Because “listening” to patients doesn’t mean that you’re hearing them.
I know we marketers love our data. We love it even more when it paints a quantitative picture of our audience’s world. This might be the reason social monitoring vendors are focusing on the statistical value of all of these conversations. For example, the brand manager mentioned above learned that her brand was discussed in only .0076% of online conversations, versus .0124% for the competitor, and that negative sentiment about her product was up 23% because of patients discussing side effects.
Data like this is interesting, but what can you do with it? Implied tactical suggestions that might work in other industries can spell danger for pharma. Our brand manager said the monitoring vendor fell into one such trap: The vendor recommended that she promote a scientific study, popularized on several message boards, despite the fact that (ouch) it discussed the product off-label.
The moral: Data derived from social media should be viewed as qualitative in nature. For one thing, many drugs serve niche audiences that will yield tiny sample sizes and microscopic quantitative measures. We already know from Forrester et al that only a thin slice of social media users are actually doing the posting, so threads about even widely used drugs can’t be seen as statistically representative.
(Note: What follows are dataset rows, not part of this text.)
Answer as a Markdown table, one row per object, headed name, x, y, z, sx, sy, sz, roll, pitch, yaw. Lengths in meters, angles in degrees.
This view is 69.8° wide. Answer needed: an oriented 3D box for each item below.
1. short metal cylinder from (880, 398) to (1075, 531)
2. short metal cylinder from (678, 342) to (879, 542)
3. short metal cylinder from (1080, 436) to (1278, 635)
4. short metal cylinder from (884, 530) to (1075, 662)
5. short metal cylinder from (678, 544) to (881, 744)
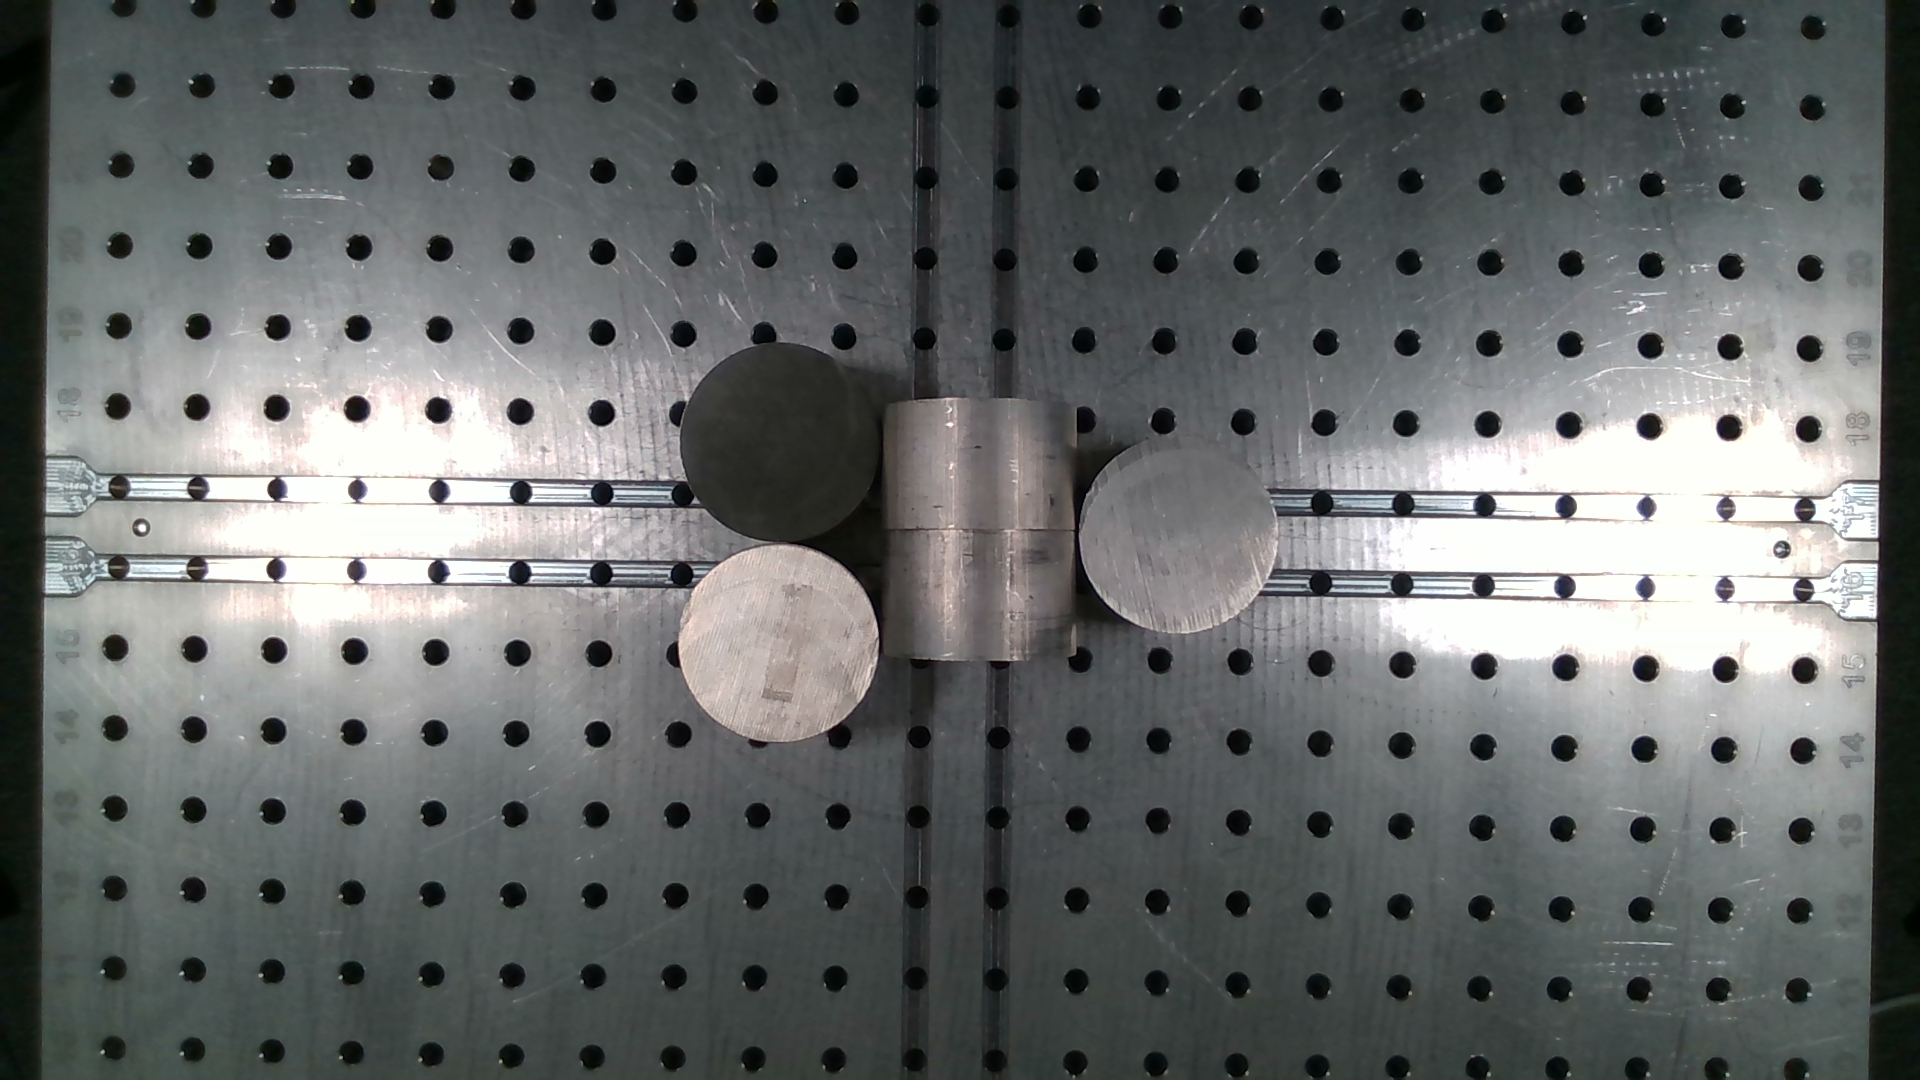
| name | x | y | z | sx | sy | sz | roll | pitch | yaw |
| --- | --- | --- | --- | --- | --- | --- | --- | --- | --- |
| short metal cylinder | 0.007 | -0.029 | 0.562 | 0.080 | 0.080 | 0.050 | 0 | 90 | 0 |
| short metal cylinder | -0.073 | -0.039 | 0.575 | 0.080 | 0.050 | 0.080 | 0 | 90 | 0 |
| short metal cylinder | 0.087 | -0.002 | 0.577 | 0.080 | 0.050 | 0.080 | 0 | 90 | 0 |
| short metal cylinder | 0.008 | 0.021 | 0.563 | 0.080 | 0.080 | 0.050 | 0 | 90 | 0 |
| short metal cylinder | -0.073 | 0.041 | 0.576 | 0.080 | 0.050 | 0.080 | 0 | 90 | 0 |

In addition, quantitative analysis is an inadequate instrument to probe the consumers in question. It's like using a CAT scan to diagnose poison ivy—it misses both the obvious and the subtle that would come from keen observation and listening to a patient's own words.
The real power of social media monitoring in pharma emerges when online patient dialogues are seen within a qualitative construct—not a random statistical sample but real people, talking frankly about their conditions, their concerns about treatment, and their beliefs about medications. The ideal interpreter of these patient experiences should be someone who exhibits “context sensitivity”—that is, a deep understanding of the patient’s treatment journey beyond her activities in the social media.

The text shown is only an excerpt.